La tristeza de las últimas semanas se fue diluyendo en el trayecto.
Aplazaba mis proyectos por tiempo indefinido hasta que pudiera retomar mi vida
sin condicionantes con nombre propio.
La
hermana Gabriëlle me abrió la pesada puerta de madera cuando la aldaba anunció mi llegada y me acompañó con semblante bondadoso
al despacho de la abadesa Myrtha, a la que había conocido jornadas atrás, en la
entrevista que mantuvimos cuando le entregué la solicitud de ingreso. Haber
estudiado en una institución religiosa del prestigio
del St. Lisselot Katholieke College sumado a la educación
católica recibida, fue determinante para ser admitida en Santa Coba.
Las
palabras de bienvenida y deseos de que en la congregación de las Jacobas hallara
la paz interior de la que carecía mi espíritu, acercándome
a Dios, nos ocupó unos diez minutos. Agradecida por el recibimiento fui
conducida a la celda asignada, donde sustituí mi ropa por un sencillo hábito
marengo con velo del mismo color y en la que una
de las hermanas me cortó con destreza la larga melena que recogía en una
trenza.
A
la hora de la cena, las siete en punto, conocí a las cuarenta y cuatro hermanas
restantes de la orden.
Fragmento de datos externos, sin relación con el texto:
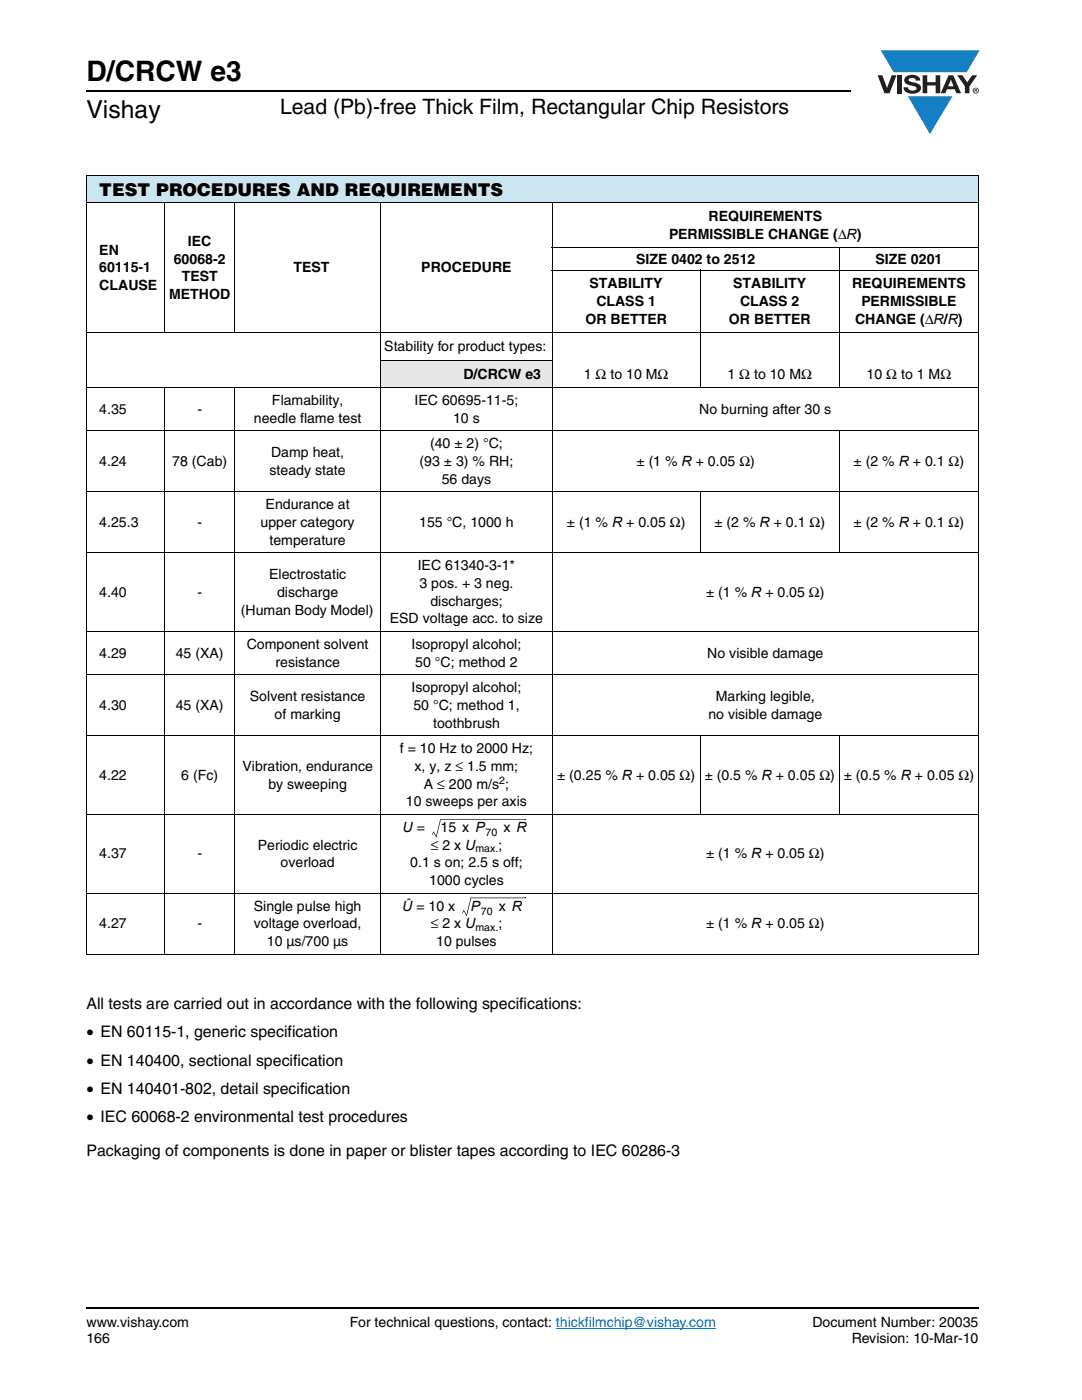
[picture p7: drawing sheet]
<svg xmlns="http://www.w3.org/2000/svg" width="216mm" height="279mm" viewBox="0 0 216 279" stroke-linecap="round" stroke-linejoin="round" font-family="sans-serif">
<defs><g id="words">
<text font-size="5.6" x="17.3" y="16.1">D/CRCW e3</text>
<text font-size="4.9" x="17.3" y="23.6">Vishay</text>
<text font-size="4.2" x="55.9" y="22.8">Lead (Pb)-free Thick Film, Rectangular Chip Resistors</text>
<text font-size="3.5" x="19.8" y="39.1">TEST PROCEDURES AND REQUIREMENTS</text>
<g font-size="3.2">
<text x="17.3" y="201.4">All tests are carried out in accordance with the following specifications:</text>
<text x="17.3" y="207">• EN 60115-1, generic specification</text>
<text x="17.3" y="212.7">• EN 140400, sectional specification</text>
<text x="17.3" y="218.3">• EN 140401-802, detail specification</text>
<text x="17.3" y="223.9">• IEC 60068-2 environmental test procedures</text>
<text x="17.3" y="230.8">Packaging of components is done in paper or blister tapes according to IEC 60286-3</text>
</g>
<g font-size="2.8">
<text x="133.5" y="47.7">PERMISSIBLE CHANGE (ΔR)</text>
<text x="141.4" y="44.1">REQUIREMENTS</text>
<text x="19.8" y="50.8">EN</text>
<text x="34.7" y="52.6">60068-2</text>
<text x="37.5" y="49.1">IEC</text>
<text x="126.9" y="52.6">SIZE 0402 to 2512</text>
<text x="174.7" y="52.6">SIZE 0201</text>
<text x="19.8" y="54.4">60115-1</text>
<text x="19.8" y="57.9">CLAUSE</text>
<text x="33.7" y="59.7">METHOD</text>
<text x="36.3" y="56.1">TEST</text>
<text x="58.5" y="54.4">TEST</text>
<text x="84.1" y="54.4">PROCEDURE</text>
<text x="117.6" y="57.6">STABILITY</text>
<text x="146.3" y="57.6">STABILITY</text>
<text x="170" y="57.6">REQUIREMENTS</text>
<text x="116.8" y="64.6">OR BETTER</text>
<text x="119" y="61.1">CLASS 1</text>
<text x="145.5" y="64.6">OR BETTER</text>
<text x="147.7" y="61.1">CLASS 2</text>
<text x="170.6" y="64.6">CHANGE (ΔR/R)</text>
<text x="171.9" y="61.1">PERMISSIBLE</text>
<text x="76.7" y="70.1">Stability for product types:</text>
<text x="92.5" y="75.5">D/CRCW e3</text>
<text x="116.5" y="75.5">1 Ω to 10 MΩ</text>
<text x="145.2" y="75.5">1 Ω to 10 MΩ</text>
<text x="172.9" y="75.5">10 Ω to 1 MΩ</text>
<text x="19.8" y="82.6">4.35</text>
<text x="39.4" y="82.6">-</text>
<text x="54.3" y="80.8">Flamability,</text>
<text x="82.7" y="80.8">IEC 60695-11-5;</text>
<text x="139.5" y="82.6">No burning after 30 s</text>
<text x="50.7" y="84.4">needle flame test</text>
<text x="85.8" y="89.5">(40 ± 2) °C;</text>
<text x="90.4" y="84.4">10 s</text>
<text x="19.8" y="93">4.24</text>
<text x="34.4" y="93">78 (Cab)</text>
<text x="53.8" y="94.8">steady state</text>
<text x="54.1" y="91.2">Damp heat,</text>
<text x="83.7" y="93">(93 ± 3) % RH;</text>
<text x="127" y="93">± (1 % R + 0.05 Ω)</text>
<text x="170.3" y="93">± (2 % R + 0.1 Ω)</text>
<text x="53" y="101.6">Endurance at</text>
<text x="88.1" y="96.5">56 days</text>
<text x="19.8" y="105.2">4.25.3</text>
<text x="39.4" y="105.2">-</text>
<text x="52" y="105.2">upper category</text>
<text x="83.6" y="105.2">155 °C, 1000 h</text>
<text x="113.1" y="105.2">± (1 % R + 0.05 Ω)</text>
<text x="142.6" y="105.2">± (2 % R + 0.1 Ω)</text>
<text x="170.3" y="105.2">± (2 % R + 0.1 Ω)</text>
<text x="53.8" y="108.7">temperature</text>
<text x="83.4" y="113.8">IEC 61340-3-1*</text>
<text x="19.8" y="119.1">4.40</text>
<text x="39.4" y="119.1">-</text>
<text x="53.7" y="115.6">Electrostatic</text>
<text x="55.3" y="119.1">discharge</text>
<text x="83.7" y="117.3">3 pos. + 3 neg.</text>
<text x="140.9" y="119.1">± (1 % R + 0.05 Ω)</text>
<text x="48.1" y="122.6">(Human Body Model)</text>
<text x="77.8" y="124.4">ESD voltage acc. to size</text>
<text x="85.9" y="120.9">discharges;</text>
<text x="19.8" y="131.3">4.29</text>
<text x="35.1" y="131.3">45 (XA)</text>
<text x="49.2" y="129.5">Component solvent</text>
<text x="82.1" y="129.5">Isopropyl alcohol;</text>
<text x="141.1" y="131.3">No visible damage</text>
<text x="55" y="133.1">resistance</text>
<text x="82.9" y="133.1">50 °C; method 2</text>
<text x="19.8" y="141.7">4.30</text>
<text x="35.1" y="141.7">45 (XA)</text>
<text x="49.9" y="139.9">Solvent resistance</text>
<text x="54.8" y="143.4">of marking</text>
<text x="82.1" y="138.2">Isopropyl alcohol;</text>
<text x="82.5" y="141.7">50 °C; method 1,</text>
<text x="141.3" y="143.4">no visible damage</text>
<text x="142.8" y="139.9">Marking legible,</text>
<text x="86.4" y="145.2">toothbrush</text>
<text x="19.8" y="155.6">4.22</text>
<text x="36.2" y="155.6">6 (Fc)</text>
<text x="48.4" y="153.9">Vibration, endurance</text>
<text x="79.8" y="150.3">f = 10 Hz to 2000 Hz;</text>
<text x="82.7" y="153.9">x, y, z ≤ 1.5 mm;</text>
<text x="111.2" y="155.6">± (0.25 % R + 0.05 Ω) ± (0.5 % R + 0.05 Ω) ± (0.5 % R + 0.05 Ω)</text>
<text x="53.6" y="157.4">by sweeping</text>
<text x="81" y="160.9">10 sweeps per axis</text>
<text x="84.6" y="157.4">A ≤ 200 m/s ;</text>
<text x="80.3" y="166">U =</text>
<text x="87.9" y="166">15 x P</text>
<text x="100.5" y="166">x R</text>
<text x="19.8" y="171.3">4.37</text>
<text x="39.4" y="171.3">-</text>
<text x="51.4" y="169.6">Periodic electric</text>
<text x="56" y="173.1">overload</text>
<text x="81.9" y="173.1">0.1 s on; 2.5 s off;</text>
<text x="85.9" y="169.6">≤ 2 x U</text>
<text x="99.4" y="169.6">;</text>
<text x="140.9" y="171.3">± (1 % R + 0.05 Ω)</text>
<text x="85.6" y="176.6">1000 cycles</text>
<text x="19.8" y="185.3">4.27</text>
<text x="39.4" y="185.3">-</text>
<text x="50.7" y="181.7">Single pulse high</text>
<text x="50.7" y="185.3">voltage overload,</text>
<text x="80.3" y="181.7">Û = 10 x</text>
<text x="85.9" y="185.3">≤ 2 x U</text>
<text x="94" y="181.7">P</text>
<text x="99.4" y="185.3">;</text>
<text x="99.5" y="181.7">x R</text>
<text x="140.9" y="185.3">± (1 % R + 0.05 Ω)</text>
<text x="53.3" y="188.8">10 µs/700 µs</text>
<text x="87" y="188.8">10 pulses</text>
<text x="17.3" y="264.9">www.vishay.com</text>
<text x="17.3" y="268.1">166</text>
<text x="69.8" y="264.9">For technical questions, contact: thickfilmchip@vishay.com</text>
<text x="162.1" y="264.9">Document Number: 20035</text>
<text x="169.9" y="268.1">Revision: 10-Mar-10</text>
</g>
<g font-size="2.1">
<text x="99.6" y="156.5">2</text>
<text x="96.9" y="166.9">70</text>
<text x="94.8" y="170.1">max.</text>
<text x="94.8" y="185.8">max.</text>
<text x="95.9" y="182.6">70</text>
</g>
</g></defs>
<g fill="#147fc3">
<path d="M175.8 10h19.7l-2.6 4.4h-3.8h-10.8z"/>
<path d="M181.2 19.2h8.8l-4.4 7.6z"/>
</g>
<g fill="#231f20">
<path d="M175.1 15h1l.9 2.5 .9-2.5h1l-1.4 3.6h-1z"/>
<path d="M179 15h.9v3.6h-.9z"/>
<path d="M180.8 15.3a2.1 2.1 0 0 1 2.7 .4l.1 .4h-.8a.79 .79 0 0 0-.7-.6 .79 .79 0 0 0-.8 .5l.2 .2 1 .3a1.08 1.08 0 0 1 1.3 1 1.08 1.08 0 0 1-1.1 1.1 1.73 1.73 0 0 1-2.4-1.2h.9a.96 .96 0 0 0 .8 .7 .96 .96 0 0 0 .9-.5 1.31 1.31 0 0 0-1.2-.6 1.03 1.03 0 0 1-1.1-.5 1.03 1.03 0 0 1 .2-1.2z"/>
<path d="M184.1 15h.9v1.4h1.7v-1.4h.9v3.6h-.9v-1.5h-1.7v1.5h-.9z"/>
<path d="M191 15h1l1 1.4 1-1.4h1l-1.6 2.2v1.4h-.9v-1.4z"/>
<path d="M189.7 15.9l.6 1.3h-1.1zM189.3 15l-1.6 3.6h.9l.4-.8h1.5l.3 .8h1l-1.6-3.6z"/>
<path d="M194.2 18.1a.5 .5 0 0 1 1 0 .5 .5 0 0 1-1 0zM194.1 18.1a.6 .6 0 0 0 1.2 0 .6 .6 0 0 0-1.2 0z"/>
<path d="M194.6 17.9h.2v.1h-.2zM194.5 17.8v.6h.1v-.3l.4 .3-.2-.3 .2-.1-.1-.2z"/>
</g>
<path d="M110.9 265.1h32" fill="none" stroke="#007ec4" stroke-width=".2"/>
<path d="M17.3 18.2h152.5M17.3 261h178.1" fill="none" stroke="#000" stroke-width=".36"/>
<path d="M17.1 260.8h.2v.4h-.2z" fill="#000"/>
<path d="M17.3 35h178v5.5h-178z" fill="#cce5f3"/>
<path d="M76 71.9h34.2v5.5h-34.2z" fill="#e6e6e6"/>
<g fill="none" stroke="#000" stroke-width=".2">
<path d="M17.2 35h178.1M17.3 35.1v155.3M195.3 35.1v155.3M17.2 40.5h178.1M32.9 40.4v26.1M46.8 40.4v26.1M76 40.4v150.1M110.1 49.5h85.2M110.1 53.9h85.2M110.2 40.4v150.1M139.7 53.8v23.6M167.5 49.4v28"/>
<path d="M17.2 66.4h178.1M17.2 77.4h178.1M32.9 77.3v113.2M46.8 77.3v113.2M75.9 71.9h34.4M17.2 86h178.1M17.2 98.2h178.1M139.7 98.1v12.3M167.5 85.9v24.5M17.2 110.3h178.1M17.2 126h178.1M17.2 134.7h178.1"/>
<path d="M17.2 146.9h178.1M139.7 146.8v15.8M167.5 146.8v15.8M17.2 162.6h178.1M17.2 178.3h178.1M87.8 163.5h17M93.9 179.2h11M17.2 190.4h178.1"/>
</g>
<g fill="#000">
<path d="M86.2 166.5l.1 .1zM86.5 166l.1 .1-.3 .5-.1-.1zM87 167h.1zM86.5 165.9l.6 1.1h-.1zM87 167l.1 .1zM87.8 163.5h.2l-.9 3.5h-.1zM93.9 179.2h.1l-.8 3.5h-.2zM104.8 163.4l.1 .2zM104.9 179.1l.1 .2zM92.2 182.2l.1 .1zM92.5 181.7l.1 .1-.3 .4h-.1zM93.1 182.7h.1z"/>
<path d="M92.5 181.6l.7 1.1h-.1l-.6-.9zM93 182.7l.2 .1z"/>
</g>
<use href="#words"/>
</svg>

Tres de ellas novicias
que procesaban una fe acérrima en el Señor, mientras yo reforzaría la fe en mi
misma.
Los
siete años que estuve en la abadía, primero en periodo de práctica y tras tomar
los votos monásticos como monja, disfruté de una serenidad desconocida a la que
contribuyó la principal actividad económica del convento, el cultivo de veinte
variaciones de tulipanes que eran vendidas a floristerías en gran medida y a
particulares que se acercaban a Santa Coba para adquirir ramos bendecidos
por el padre Ludger, que todos los días a las nueve de la mañana daba misa en
la capilla y era nuestro confesor.
La
cercanía a los jardines de Keukenhof, que cada
primavera recibía a cientos de visitantes, nos traían en menor proporción, visitas con residencia en todo en país, que aumentaban las ventas de tulipanes.
En
tres ocasiones salí de la abadía para desplazarme a Amsterdam; la primera al
cabo de dos años con motivo de la marcha eterna
de Huub Van Heley, que poco meses antes había asistido complacido a la
ceremonia eclesiástica en que consagraba mi vida a Dios y el sosiego de que
su nieta hubiera sentado cabeza; la segunda para hacer lo propio con Godelieve
de Vries, cinco años más tarde, que desde que su esposo la abandonara me visitó todas las temporadas acompañada por la
enfermera que había contratado para que cuidase de ella y que le hacía sentirse
menos sola. La marcha de ambos me produjo pena, pese a que me acercaba a la
meta. Si los Van Heley me hubieran dispensado un trato cimentado en el cariño
en detrimento de la indiferencia, hubiera estado con ellos hasta el final. La
tercera vez que fui a Amsterdam, lo hice para no volver más a Santa Coba, al
menos como religiosa. Entre las hermanas había encontrado afecto y apoyo para
no flaquear en mi decisión de servir a Dios.
Empecé
de cero sin más pertenencia que lo puesto, guardado durante años en el bolso de
mano con el que llegué a Lisse y mucha incertidumbre.
Libre
para tomar el control de mi vida.
NOTAS DE INTERÉS
Lisse: ciudad y municipio de
Holanda Meridional.
Keukenhof: jardines con una gran variación de bulbos de tulipanes, más de cien, además de contar un amplio abanico de flores e híbridos que se pueden adquirir en primavera, cuando los jardines abren sus puertas. En neerlandés el nombre que da nombre a los jardines significa jardín de la cocina, y es considerado en más bello de Europa.